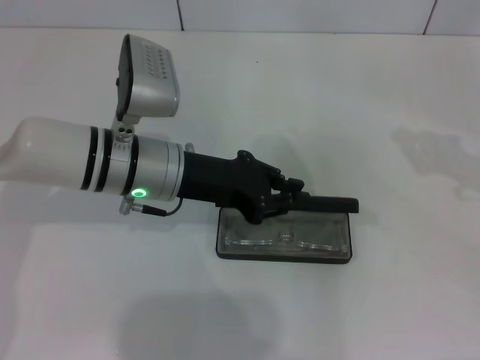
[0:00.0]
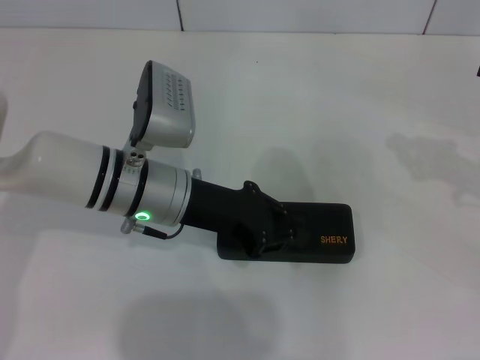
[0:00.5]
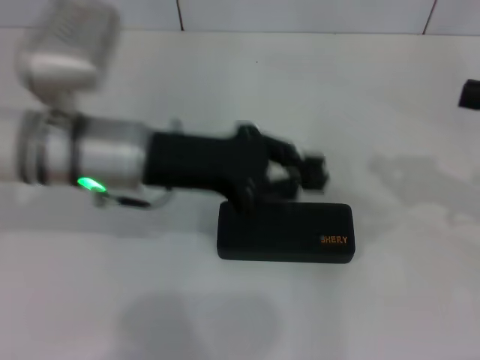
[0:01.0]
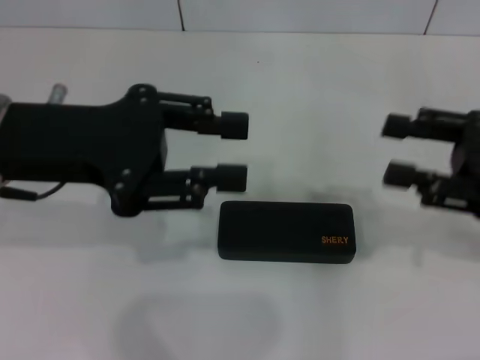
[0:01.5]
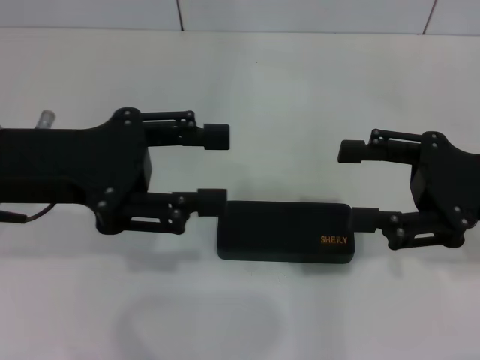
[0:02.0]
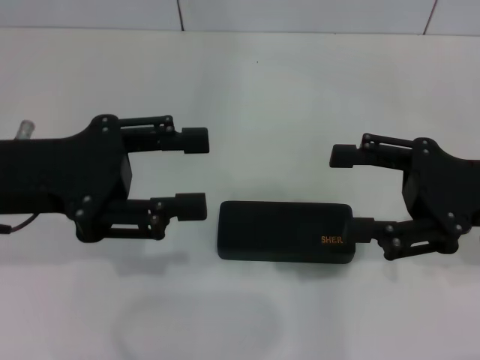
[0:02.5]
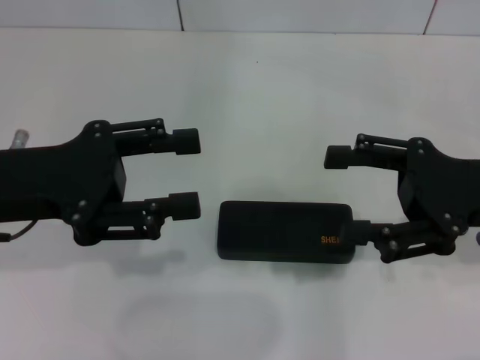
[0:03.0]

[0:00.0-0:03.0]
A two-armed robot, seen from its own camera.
0:00.0 to 0:01.5: The left gripper heads upward, to the left and backward, covering about 15 cm, and opens, while the right gripper goes some 5 cm to the left.
0:01.5 to 0:03.0: The right gripper opens its fingers. The left gripper changes place by roughly 5 cm, and opens its fingers.

* [About this task]:
Reproduce the whole listing verbatim. Pictures stay out of the copy.

* [Response box]:
[0:00.0]
[0:00.5]
[0:01.0]
[0:01.5]
[0:02.0]
[0:02.5]
[0:03.0]

[0:00.0-0:03.0]
A two-armed robot, seen from its own camera.
0:00.0 to 0:01.5: The left gripper heads upward, to the left and backward, covering about 15 cm, and opens, while the right gripper goes some 5 cm to the left.
0:01.5 to 0:03.0: The right gripper opens its fingers. The left gripper changes place by roughly 5 cm, and opens its fingers.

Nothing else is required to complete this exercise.